Clinic Benefit For Oklahoma Tornado Horses


I love the Wellington-WEF message board ( Not a day goes by that I don’t check to see what’s doing in our local horsey community, and recently I ran across a notice reaching out to equestrians, animal lovers and local businesses.

Cowboy Bob Faath will conduct an Oklahoma Tornado Equine Relief Horsemanship Clinic on Sunday, June 16 at the Jupiter Horsemen’s Arena from 9 a.m. to 3 p.m. Participants will ride in both morning and afternoon sessions, with a break for lunch. The cost is $60 to ride and $20 to audit, and 100 percent of the proceeds will be donated to the ongoing veterinary care and daily expenses of the equine survivors of the recent Oklahoma tornadoes.

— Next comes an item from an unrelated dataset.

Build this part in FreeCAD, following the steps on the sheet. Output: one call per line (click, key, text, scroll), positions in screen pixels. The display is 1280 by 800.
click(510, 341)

“I’ve been around tornadoes when I was younger, growing up near Lubbock, Texas,” Faath said. “I know how devastating it is to see a town destroyed. There are a lot of organizations helping people, and even cats and dogs, but horses are big animals who eat a lot, and it’s not as easy for people to take in a horse or help care for it. These areas have been hit hard. You lose not just houses, but barns, fences, feed stores — all the support you need to care for a horse. All the money we raise, every penny, is going to go to help pay for hay, feed, fencing, veterinary care, medicine — whatever it is those horses need.”

While many people are reaching out, Faath felt he needed to help as well.

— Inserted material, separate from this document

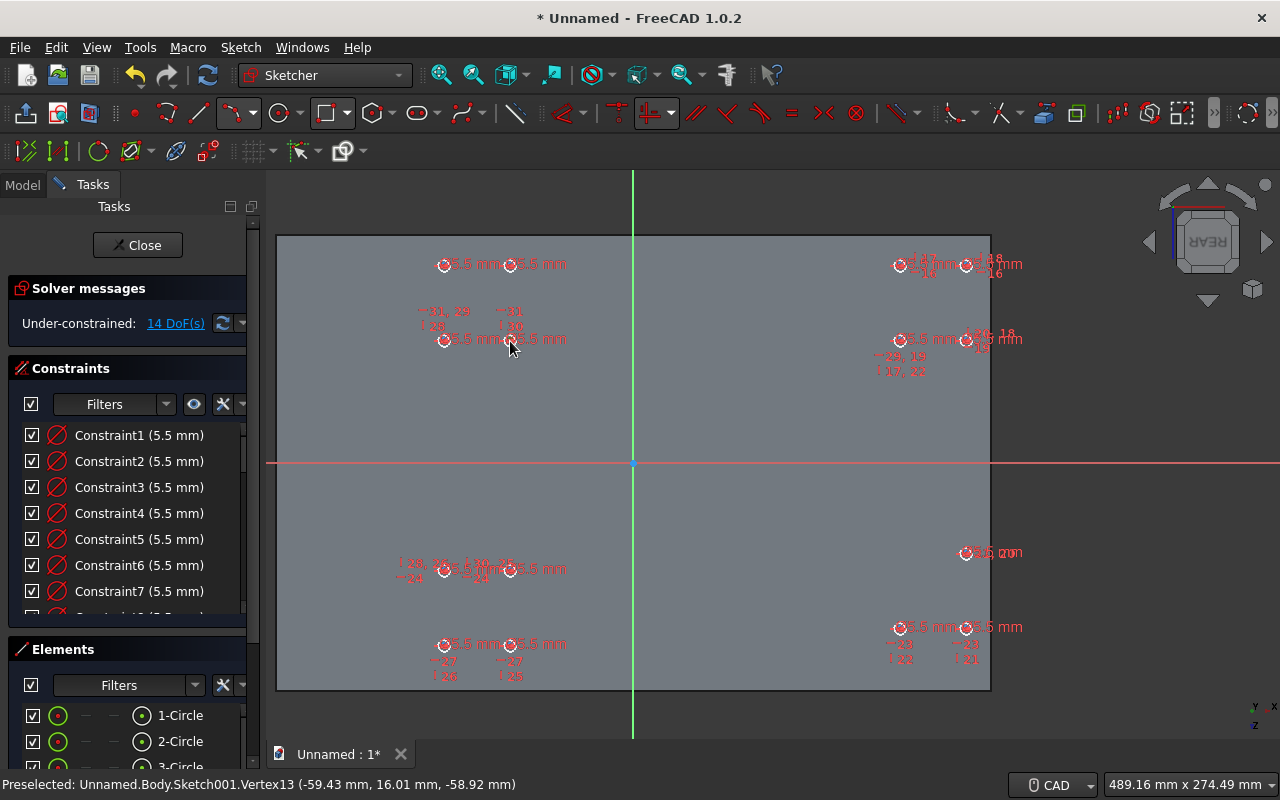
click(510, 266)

“I’m sure there are other people helping those horses, and I just felt as if I had to do something, too. I make my living working with horses. I have great respect for them. They help me out so much in my life,” he said. “I just thought this would be something I could do to help them out. It’s also a great way for our local horse community to stand up and help another horse community that has been hit hard.”

Faath may be great with horses, but he’s the first to admit that he doesn’t know a thing about computers. Setting up a benefit and organizing online donation sites and bank accounts are beyond his area of expertise. He relies on others to help with those aspects, so if you know how to do this and can help, he’d like to hear from you. “All that computer and bank stuff is a lot more complicated than I ever thought,” he said.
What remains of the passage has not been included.